La cosa era bien sencilla. Un bar en el casco viejo con sus luces de neón y barra llena de cervezas. Un par de bolsos, quizá alguna cartera que llevarse al bolsillo con un par de billetes y tarjetas. Alguien me había dicho que otro alguien de esos de Gucci por fuera pero con alma de Satanás iba a dejarse olvidada una mochila llena de mierda. Coger la mochila, y salir por piernas.

Qué coño podía salir mal. Gemma en la barra del bar un rato antes, enseñando por encima del escote un par de libras de sus tetas de fulana experta. Juan esperando en la puerta de atrás, motor en marcha y entre sonrisas y guiños, coger la mochila, las tetas de Gemma, y salir de allí como quien no tiene nada que hacer si no queda primero en la carrera.

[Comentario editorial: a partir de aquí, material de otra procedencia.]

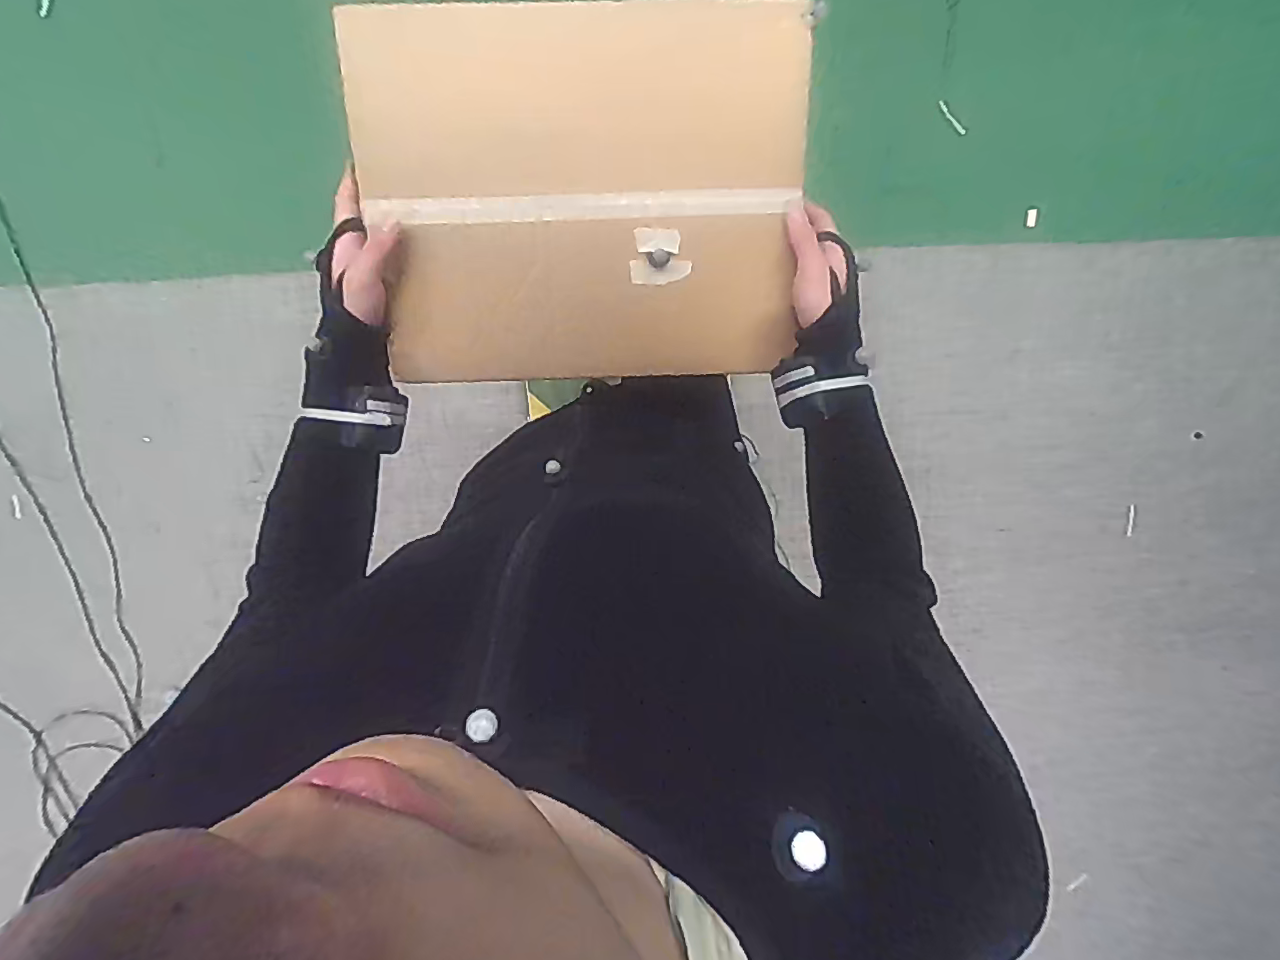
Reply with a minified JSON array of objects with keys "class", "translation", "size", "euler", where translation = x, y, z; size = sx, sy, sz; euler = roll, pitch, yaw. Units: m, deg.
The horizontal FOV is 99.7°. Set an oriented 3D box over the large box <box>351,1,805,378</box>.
[{"class":"large box","translation":[-0.054,-0.304,0.653],"size":[0.408,0.320,0.320],"euler":[-3,107,-2]}]

En el cristal, cada vez menos luces de ciudad, y menos atardeceres de videoclip de los noventa. Se nos echa la noche encima.

- Tíos, esto va mal…

Al menos puede hablar, me digo. Pero cuando la miro por el retrovisor Gemma tiene la cara descompuesta, y se inclina para vomitar sangre y cerveza.

- Hostias, Juan, que se nos va, que se nos va…

Juan al principio no contesta.

- Pues nos estamos quedando sin gasolina. No sé para cuánto más nos queda, llevo ya un rato en reserva y la aguja marcaría el mínimo aunque pongamos el coche de cabeza.

- No jodas.

Puta mierda de cine cinco estrellas. A las siete y media de la tarde Gemma se presenta echando chispas por los ojos con una de esas faldas de matar, y una camiseta de no necesitar explicaciones. Yo estoy sentado un poco más allá, en una mesa, calentando un vaso de Jack Daniels sin muchas ganas.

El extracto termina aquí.